JERUSALEM (AFP) – French President Nicolas Sarkozy was expected to stress solidarity with Israel and press for the creation of a Palestinian state in an address to the parliament in Jerusalem Monday.
Sarkozy has repeated the two messages since the start on Sunday of his three-day visit to Israel and the occupied West Bank.
He underlined that Israel needed to make concessions to the Palestinians in order to guarantee its own security, and singled out the continued construction of Jewish settlements in the West Bank for criticism.
“As I have said on several occasions, freezing settlements which are the main obstacle to peace, is crucial,” Sarkozy said in an interview with the Palestinian Al-Quds newspaper published on Monday.
Israeli authorities have announced the construction of hundreds of new homes for Jewish settlers in the West Bank in recent months, infuriating Palestinians and drawing international criticism.
“Israel must now do more so that the situation on the ground changes and that the daily life of the Palestinian population improves,” he said, adding that this was key to preventing the peace process from getting bogged down.
The long dormant Israeli-Palestinian negotiations were revived at a US conference last November, but have made little progress since.
On Sunday night, Sarkozy told Prime Minister Ehud Olmert that while Israel needed to be strong to survive, “peace cannot only be built through strength.
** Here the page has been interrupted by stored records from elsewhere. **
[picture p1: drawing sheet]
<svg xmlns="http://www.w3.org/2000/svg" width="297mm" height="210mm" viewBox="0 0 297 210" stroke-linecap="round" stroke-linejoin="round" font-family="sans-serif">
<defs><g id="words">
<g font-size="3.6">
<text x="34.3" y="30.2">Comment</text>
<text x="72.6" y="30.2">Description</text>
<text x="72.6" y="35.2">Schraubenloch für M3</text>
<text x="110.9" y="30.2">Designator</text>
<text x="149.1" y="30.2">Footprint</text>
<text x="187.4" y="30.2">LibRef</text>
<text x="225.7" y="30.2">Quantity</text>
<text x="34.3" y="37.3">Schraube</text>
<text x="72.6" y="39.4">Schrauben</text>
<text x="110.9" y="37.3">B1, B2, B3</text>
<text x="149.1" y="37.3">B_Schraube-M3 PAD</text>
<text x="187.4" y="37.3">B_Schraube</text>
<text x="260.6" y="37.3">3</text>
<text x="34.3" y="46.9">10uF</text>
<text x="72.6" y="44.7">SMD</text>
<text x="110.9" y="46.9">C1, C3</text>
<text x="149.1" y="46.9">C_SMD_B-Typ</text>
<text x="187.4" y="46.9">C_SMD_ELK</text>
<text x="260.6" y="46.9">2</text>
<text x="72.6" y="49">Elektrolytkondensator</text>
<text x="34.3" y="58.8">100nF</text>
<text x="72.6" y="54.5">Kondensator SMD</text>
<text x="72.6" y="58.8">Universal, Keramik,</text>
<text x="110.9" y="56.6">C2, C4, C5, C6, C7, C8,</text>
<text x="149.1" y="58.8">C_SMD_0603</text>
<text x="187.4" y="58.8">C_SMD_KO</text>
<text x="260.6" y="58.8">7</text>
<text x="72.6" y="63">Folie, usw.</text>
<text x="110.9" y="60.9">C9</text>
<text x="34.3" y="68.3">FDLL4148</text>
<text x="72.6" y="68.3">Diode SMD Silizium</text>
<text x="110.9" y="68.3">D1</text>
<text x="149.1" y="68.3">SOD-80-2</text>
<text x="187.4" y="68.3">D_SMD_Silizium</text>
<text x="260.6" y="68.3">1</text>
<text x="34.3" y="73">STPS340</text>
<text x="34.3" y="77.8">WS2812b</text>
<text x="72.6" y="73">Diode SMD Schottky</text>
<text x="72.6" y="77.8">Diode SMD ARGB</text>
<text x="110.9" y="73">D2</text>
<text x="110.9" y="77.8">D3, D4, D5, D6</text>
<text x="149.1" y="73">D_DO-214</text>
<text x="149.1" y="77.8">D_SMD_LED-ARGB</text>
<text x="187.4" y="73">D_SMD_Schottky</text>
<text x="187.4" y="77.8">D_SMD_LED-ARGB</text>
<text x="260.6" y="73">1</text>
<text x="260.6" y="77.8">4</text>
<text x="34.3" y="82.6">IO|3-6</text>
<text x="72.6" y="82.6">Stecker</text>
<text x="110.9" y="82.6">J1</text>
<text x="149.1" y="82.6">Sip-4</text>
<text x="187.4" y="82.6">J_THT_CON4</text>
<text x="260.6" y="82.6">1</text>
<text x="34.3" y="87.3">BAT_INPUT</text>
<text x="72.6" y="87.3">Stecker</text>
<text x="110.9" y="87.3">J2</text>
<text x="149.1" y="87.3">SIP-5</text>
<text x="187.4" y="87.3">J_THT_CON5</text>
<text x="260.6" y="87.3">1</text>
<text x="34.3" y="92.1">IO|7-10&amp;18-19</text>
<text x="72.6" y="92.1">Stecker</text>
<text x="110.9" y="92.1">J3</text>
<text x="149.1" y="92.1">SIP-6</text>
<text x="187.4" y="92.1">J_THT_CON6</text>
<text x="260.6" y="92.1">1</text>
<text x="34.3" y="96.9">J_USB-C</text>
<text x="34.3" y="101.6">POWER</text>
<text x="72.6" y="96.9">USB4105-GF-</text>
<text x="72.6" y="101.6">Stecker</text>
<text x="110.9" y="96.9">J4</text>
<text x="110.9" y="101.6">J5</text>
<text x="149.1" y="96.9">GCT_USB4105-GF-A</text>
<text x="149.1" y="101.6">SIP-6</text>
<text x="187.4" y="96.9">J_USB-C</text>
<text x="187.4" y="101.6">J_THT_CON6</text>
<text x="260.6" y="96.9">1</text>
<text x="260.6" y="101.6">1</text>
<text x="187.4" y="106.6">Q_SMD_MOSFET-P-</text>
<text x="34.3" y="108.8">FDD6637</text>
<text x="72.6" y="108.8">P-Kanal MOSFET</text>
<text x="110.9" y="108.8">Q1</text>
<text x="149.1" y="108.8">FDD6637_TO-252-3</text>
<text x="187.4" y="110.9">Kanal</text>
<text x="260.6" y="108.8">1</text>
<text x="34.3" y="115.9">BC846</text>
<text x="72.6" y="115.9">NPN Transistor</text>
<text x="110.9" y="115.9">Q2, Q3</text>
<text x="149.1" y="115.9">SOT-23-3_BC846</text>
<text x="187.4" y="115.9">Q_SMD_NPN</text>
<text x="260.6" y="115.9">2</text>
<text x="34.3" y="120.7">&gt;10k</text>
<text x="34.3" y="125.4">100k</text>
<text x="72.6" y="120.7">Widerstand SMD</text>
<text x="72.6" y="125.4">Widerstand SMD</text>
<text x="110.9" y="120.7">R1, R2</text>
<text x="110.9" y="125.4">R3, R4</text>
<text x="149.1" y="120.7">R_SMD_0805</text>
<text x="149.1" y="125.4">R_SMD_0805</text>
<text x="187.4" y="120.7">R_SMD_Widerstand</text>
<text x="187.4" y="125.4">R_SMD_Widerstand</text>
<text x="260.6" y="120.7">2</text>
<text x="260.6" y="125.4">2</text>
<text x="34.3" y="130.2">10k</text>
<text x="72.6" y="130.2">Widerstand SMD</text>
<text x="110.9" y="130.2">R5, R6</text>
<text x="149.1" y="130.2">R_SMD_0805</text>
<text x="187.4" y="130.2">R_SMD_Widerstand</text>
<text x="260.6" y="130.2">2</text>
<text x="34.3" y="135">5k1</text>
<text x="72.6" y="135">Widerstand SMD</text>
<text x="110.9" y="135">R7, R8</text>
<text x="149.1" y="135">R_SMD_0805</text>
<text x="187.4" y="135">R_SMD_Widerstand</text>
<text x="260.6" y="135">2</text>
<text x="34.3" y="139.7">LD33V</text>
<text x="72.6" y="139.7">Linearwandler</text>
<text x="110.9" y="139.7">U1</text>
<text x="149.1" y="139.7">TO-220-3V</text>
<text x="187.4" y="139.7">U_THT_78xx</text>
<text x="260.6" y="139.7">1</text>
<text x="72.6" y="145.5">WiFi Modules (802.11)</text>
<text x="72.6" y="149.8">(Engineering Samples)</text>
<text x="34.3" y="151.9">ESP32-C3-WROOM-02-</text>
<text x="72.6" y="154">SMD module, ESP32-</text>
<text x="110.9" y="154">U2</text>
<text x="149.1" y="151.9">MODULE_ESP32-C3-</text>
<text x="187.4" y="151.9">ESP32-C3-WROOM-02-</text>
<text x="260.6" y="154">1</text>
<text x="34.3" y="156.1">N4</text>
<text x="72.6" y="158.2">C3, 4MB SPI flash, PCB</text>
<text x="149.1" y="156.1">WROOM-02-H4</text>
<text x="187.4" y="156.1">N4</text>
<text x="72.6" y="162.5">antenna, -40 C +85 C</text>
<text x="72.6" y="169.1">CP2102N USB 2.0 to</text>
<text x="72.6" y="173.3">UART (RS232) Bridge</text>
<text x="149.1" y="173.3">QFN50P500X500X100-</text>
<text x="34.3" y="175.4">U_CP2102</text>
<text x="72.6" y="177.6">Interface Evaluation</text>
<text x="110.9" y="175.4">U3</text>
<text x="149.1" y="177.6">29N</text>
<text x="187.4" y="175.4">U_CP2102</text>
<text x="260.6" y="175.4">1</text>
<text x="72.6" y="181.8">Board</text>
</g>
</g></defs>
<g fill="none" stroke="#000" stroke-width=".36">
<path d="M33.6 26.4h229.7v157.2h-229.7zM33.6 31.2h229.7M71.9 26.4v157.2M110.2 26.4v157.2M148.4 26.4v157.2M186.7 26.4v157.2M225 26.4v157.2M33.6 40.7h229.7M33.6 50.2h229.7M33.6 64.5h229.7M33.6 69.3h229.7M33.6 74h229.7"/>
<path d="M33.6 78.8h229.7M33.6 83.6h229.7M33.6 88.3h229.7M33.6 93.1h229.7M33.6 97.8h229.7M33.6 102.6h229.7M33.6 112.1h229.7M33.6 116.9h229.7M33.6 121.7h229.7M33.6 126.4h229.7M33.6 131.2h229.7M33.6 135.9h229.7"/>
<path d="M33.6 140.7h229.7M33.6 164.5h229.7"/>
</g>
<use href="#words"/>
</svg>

It is built with dialogue and a hand held out.”
The trip, one of several high-profile visits by world leaders to mark the Jewish state’s 60th anniversary, was aimed at underlining the strength of Franco-Israeli relations, in contrast with the tensions that marked ties under former French president Jacques Chirac, perceived in Israel as being pro-Arab.
“I have always been Israel’s friend,” Sarkozy said upon arrival at Ben Gurion airport outside Tel Aviv on Sunday.
His visit is the first to Israel by a French president in almost 12 years, and his Knesset address will be the second by a French president after that of Francois Mitterrand in 1982.
On Monday morning, Sarkozy and his wife — supermodel-turned-singer Carla Bruni-Sarkozy — toured Jerusalem’s Yad Vashem, a memorial to the six million Jews killed by Germany’s Nazi regime.
Later in the day he was scheduled to meet with the parents of Gilad Shalit, an Israeli soldier — who also holds French nationality — captured by Palestinian militants from the Gaza Strip in a bloody cross-border raid two years ago.
Sarkozy also plans to travel to the West Bank town of Bethlehem on Tuesday for talks with Palestinian president Mahmud Abbas.
In addition to the Israeli-Palestinian peace process, Sarkozy was also expected to discuss other regional issues following his recent contacts with Syrian President Bashar al-Assad.